The meeting in the local team was still going on when Stenseng informed VG that the national board had made a decision.

Limits Giske’s power

Some parties have statutes that mean you can only be a member where you live.

But until now, people have been able to join Ap wherever they want: If you live in Sandefjord, you can become a member of Nidaros and have full rights – and your membership counts when the Trønder delegates to the national meeting of Ap are to be elected.

The central board of Ap has agreed to a change in the articles of association which means that a member from Sandefjord will still be able to be a member of Nidaros. But the person concerned’s membership must count for Vestfold and Telemark when delegates to the Labor party national meeting are to be elected.

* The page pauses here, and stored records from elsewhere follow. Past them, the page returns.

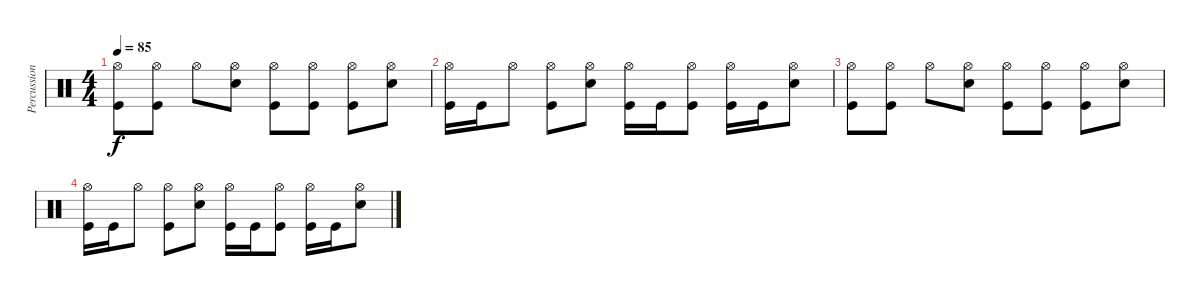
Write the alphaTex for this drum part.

\track ("Percussion" "Percussion") {instrument percussion}
\staff {score}
\articulation defaults
\ts (4 4)
\tempo 85
\clef neutral
\ks c
("Hi-Hat (open)" "Kick (hit)").8{dy f} ("Hi-Hat (open)" "Kick (hit)").8 "Hi-Hat (open)".8 ("Hi-Hat (open)" "Snare (hit) 2").8 ("Hi-Hat (open)" "Kick (hit)").8 ("Hi-Hat (open)" "Kick (hit)").8 ("Hi-Hat (open)" "Kick (hit)").8 ("Hi-Hat (open)" "Snare (hit) 2").8 |
("Hi-Hat (open)" "Kick (hit)").16 "Kick (hit)".16 "Hi-Hat (open)".8 ("Hi-Hat (open)" "Kick (hit)").8 ("Hi-Hat (open)" "Snare (hit) 2").8 ("Hi-Hat (open)" "Kick (hit)").16 "Kick (hit)".16 ("Hi-Hat (open)" "Kick (hit)").8 ("Hi-Hat (open)" "Kick (hit)").16 "Kick (hit)".16 ("Hi-Hat (open)" "Snare (hit) 2").8 |
("Hi-Hat (open)" "Kick (hit)").8 ("Hi-Hat (open)" "Kick (hit)").8 "Hi-Hat (open)".8 ("Hi-Hat (open)" "Snare (hit) 2").8 ("Hi-Hat (open)" "Kick (hit)").8 ("Hi-Hat (open)" "Kick (hit)").8 ("Hi-Hat (open)" "Kick (hit)").8 ("Hi-Hat (open)" "Snare (hit) 2").8 |
("Hi-Hat (open)" "Kick (hit)").16 "Kick (hit)".16 "Hi-Hat (open)".8 ("Hi-Hat (open)" "Kick (hit)").8 ("Hi-Hat (open)" "Snare (hit) 2").8 ("Hi-Hat (open)" "Kick (hit)").16 "Kick (hit)".16 ("Hi-Hat (open)" "Kick (hit)").8 ("Hi-Hat (open)" "Kick (hit)").16 "Kick (hit)".16 ("Hi-Hat (open)" "Snare (hit) 2").8
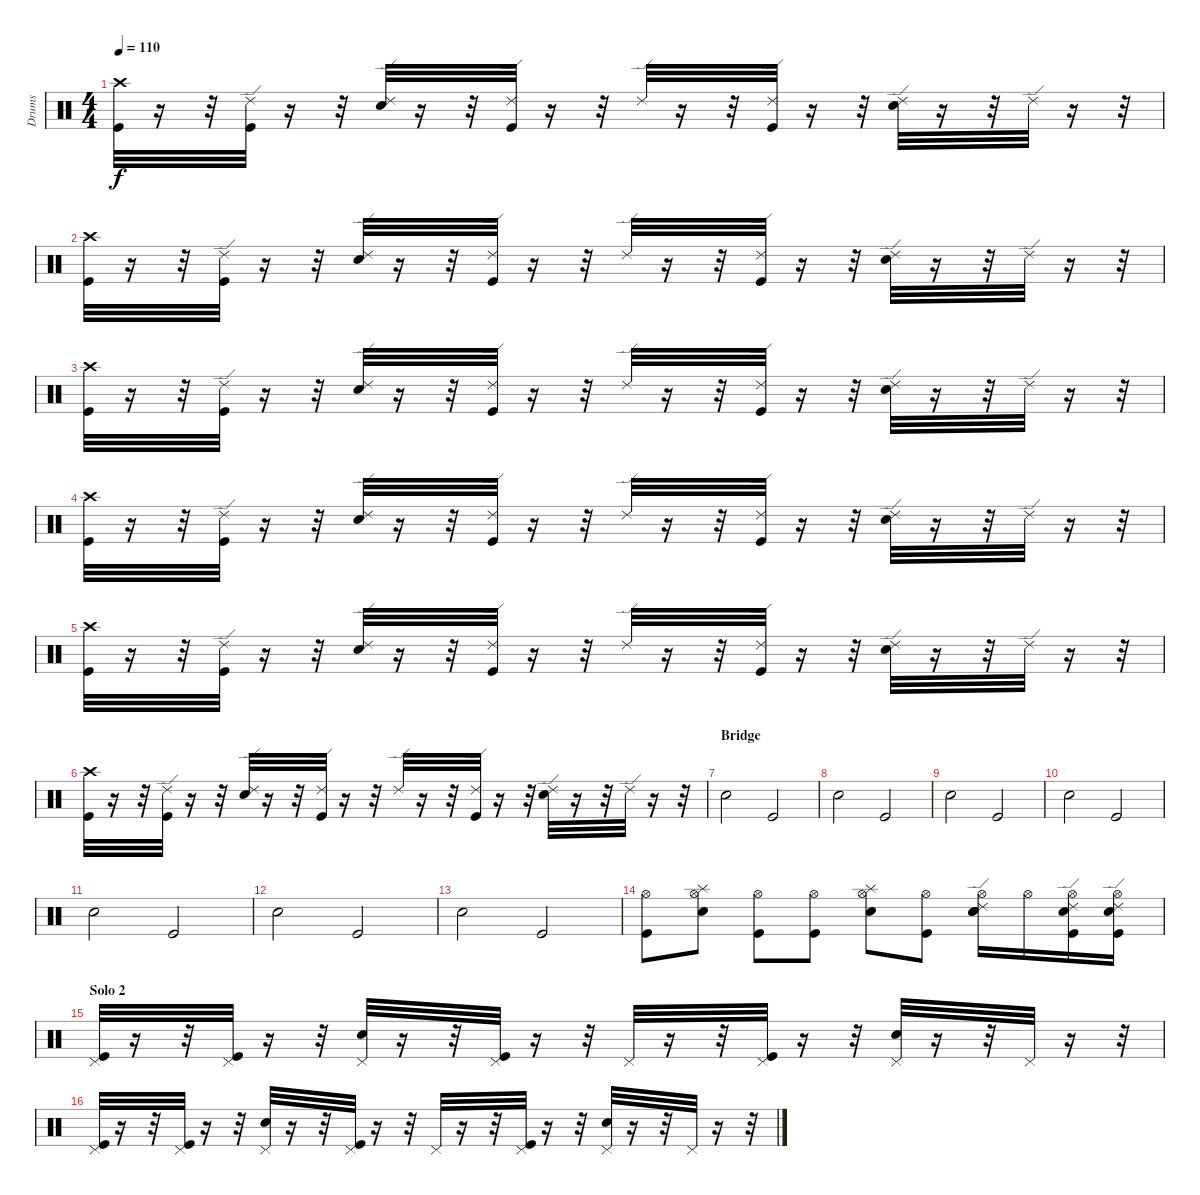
\track ("Drums" "Drums") {instrument percussion}
\staff {score}
\articulation defaults
\ts (4 4)
\tempo 110
\clef neutral
\ks c
("Kick (hit)" "Crash high (hit)").32{dy f} r.16 r.32 ("Ride (edge) 2" "Kick (hit)").32 r.16 r.32 ("Ride (edge) 2" "Electric Snare (hit)").32 r.16 r.32 ("Ride (edge) 2" "Kick (hit)").32 r.16 r.32 "Ride (edge) 2".32 r.16 r.32 ("Ride (edge) 2" "Kick (hit)").32 r.16 r.32 ("Ride (edge) 2" "Electric Snare (hit)").32 r.16 r.32 "Ride (edge) 2".32 r.16 r.32 |
("Kick (hit)" "Crash high (hit)").32 r.16 r.32 ("Ride (edge) 2" "Kick (hit)").32 r.16 r.32 ("Ride (edge) 2" "Electric Snare (hit)").32 r.16 r.32 ("Ride (edge) 2" "Kick (hit)").32 r.16 r.32 "Ride (edge) 2".32 r.16 r.32 ("Ride (edge) 2" "Kick (hit)").32 r.16 r.32 ("Ride (edge) 2" "Electric Snare (hit)").32 r.16 r.32 "Ride (edge) 2".32 r.16 r.32 |
("Kick (hit)" "Crash high (hit)").32 r.16 r.32 ("Ride (edge) 2" "Kick (hit)").32 r.16 r.32 ("Ride (edge) 2" "Electric Snare (hit)").32 r.16 r.32 ("Ride (edge) 2" "Kick (hit)").32 r.16 r.32 "Ride (edge) 2".32 r.16 r.32 ("Ride (edge) 2" "Kick (hit)").32 r.16 r.32 ("Ride (edge) 2" "Electric Snare (hit)").32 r.16 r.32 "Ride (edge) 2".32 r.16 r.32 |
("Kick (hit)" "Crash high (hit)").32 r.16 r.32 ("Ride (edge) 2" "Kick (hit)").32 r.16 r.32 ("Ride (edge) 2" "Electric Snare (hit)").32 r.16 r.32 ("Ride (edge) 2" "Kick (hit)").32 r.16 r.32 "Ride (edge) 2".32 r.16 r.32 ("Ride (edge) 2" "Kick (hit)").32 r.16 r.32 ("Ride (edge) 2" "Electric Snare (hit)").32 r.16 r.32 "Ride (edge) 2".32 r.16 r.32 |
("Kick (hit)" "Crash high (hit)").32 r.16 r.32 ("Ride (edge) 2" "Kick (hit)").32 r.16 r.32 ("Ride (edge) 2" "Electric Snare (hit)").32 r.16 r.32 ("Ride (edge) 2" "Kick (hit)").32 r.16 r.32 "Ride (edge) 2".32 r.16 r.32 ("Ride (edge) 2" "Kick (hit)").32 r.16 r.32 ("Ride (edge) 2" "Electric Snare (hit)").32 r.16 r.32 "Ride (edge) 2".32 r.16 r.32 |
("Kick (hit)" "Crash high (hit)").32 r.16 r.32 ("Ride (edge) 2" "Kick (hit)").32 r.16 r.32 ("Ride (edge) 2" "Electric Snare (hit)").32 r.16 r.32 ("Ride (edge) 2" "Kick (hit)").32 r.16 r.32 "Ride (edge) 2".32 r.16 r.32 ("Ride (edge) 2" "Kick (hit)").32 r.16 r.32 ("Ride (edge) 2" "Electric Snare (hit)").32 r.16 r.32 "Ride (edge) 2".32 r.16 r.32 |
\section ("" "Bridge")
"Snare (hit) 2".2 "Kick (hit)".2 |
"Snare (hit) 2".2 "Kick (hit)".2 |
"Snare (hit) 2".2 "Kick (hit)".2 |
"Snare (hit) 2".2 "Kick (hit)".2 |
"Snare (hit) 2".2 "Kick (hit)".2 |
"Snare (hit) 2".2 "Kick (hit)".2 |
"Snare (hit) 2".2 "Kick (hit)".2 |
("Kick (hit)" "Hi-Hat (open)").8 ("Splash (hit)" "Snare (hit) 2" "Hi-Hat (open)").8 ("Kick (hit)" "Hi-Hat (open)").8 ("Kick (hit)" "Hi-Hat (open)").8 ("Splash (hit)" "Snare (hit) 2" "Hi-Hat (open)").8 ("Kick (hit)" "Hi-Hat (open)").8 ("Ride (edge) 2" "Electric Snare (hit)" "Snare (hit) 2" "Hi-Hat (open)").16 "Hi-Hat (open)".16 ("Ride (edge) 2" "Kick (hit)" "Snare (hit) 2" "Hi-Hat (open)").16 ("Ride (edge) 2" "Kick (hit)" "Snare (hit) 2" "Hi-Hat (open)").16 |
\section ("" "Solo 2")
("Pedal Hi-Hat (hit)" "Kick (hit)").32 r.16 r.32 ("Pedal Hi-Hat (hit)" "Kick (hit)").32 r.16 r.32 ("Pedal Hi-Hat (hit)" "Electric Snare (hit)").32 r.16 r.32 ("Pedal Hi-Hat (hit)" "Kick (hit)").32 r.16 r.32 "Pedal Hi-Hat (hit)".32 r.16 r.32 ("Pedal Hi-Hat (hit)" "Kick (hit)").32 r.16 r.32 ("Pedal Hi-Hat (hit)" "Electric Snare (hit)").32 r.16 r.32 "Pedal Hi-Hat (hit)".32 r.16 r.32 |
("Pedal Hi-Hat (hit)" "Kick (hit)").32 r.16 r.32 ("Pedal Hi-Hat (hit)" "Kick (hit)").32 r.16 r.32 ("Pedal Hi-Hat (hit)" "Electric Snare (hit)").32 r.16 r.32 ("Pedal Hi-Hat (hit)" "Kick (hit)").32 r.16 r.32 "Pedal Hi-Hat (hit)".32 r.16 r.32 ("Pedal Hi-Hat (hit)" "Kick (hit)").32 r.16 r.32 ("Pedal Hi-Hat (hit)" "Electric Snare (hit)").32 r.16 r.32 "Pedal Hi-Hat (hit)".32 r.16 r.32

  • Therefore, this is controversial: The Ap team someone is a member of gets representation for them at the annual meeting of the municipality, the county team, the representative council and the national meeting of Ap.
  • Giske’s local team has grown to become Aps’ largest – but half of the members come from other parts of the country. Therefore, such a change will give Giske’s local association less power.

Come up with an answer

At the meeting in Nidaro’s social democratic forum on Tuesday evening, Giske made the following proposal as equivalent to the changes the party has discussed:

He believes that if you are a member somewhere other than where you live, you should not be counted in the delegate calculation for municipal or county teams. But he still wants you to be able to count towards the representation of the team you have signed up for nationally, if you so choose.

– I believe that Nidaros should be clear and clear that people from outside should not govern or influence a municipality or a county they do not live in. I think that is perfectly fine for the members of Nidaros. But if they want to influence the electricity policy and that the promises to the pensioners must be kept, that doesn’t happen in Trondheim, it happens nationally, and they actually live there, said Trond Giske at the meeting.

To VG, Stenseng denies that this is a new compromise:

– We were clear about that. We have been concerned that you should have a consistent representation, it is very little in principle that you should not count locally in the county, but count nationally.

It is the national meeting of Ap in May that will finally vote on how the statutes should be.

The model that the central board advocated, and which the national board has now fully endorsed, is the model the leader of Trøndelag Ap, Minister of Health Ingvild Kjerkol, proposed in VG in January.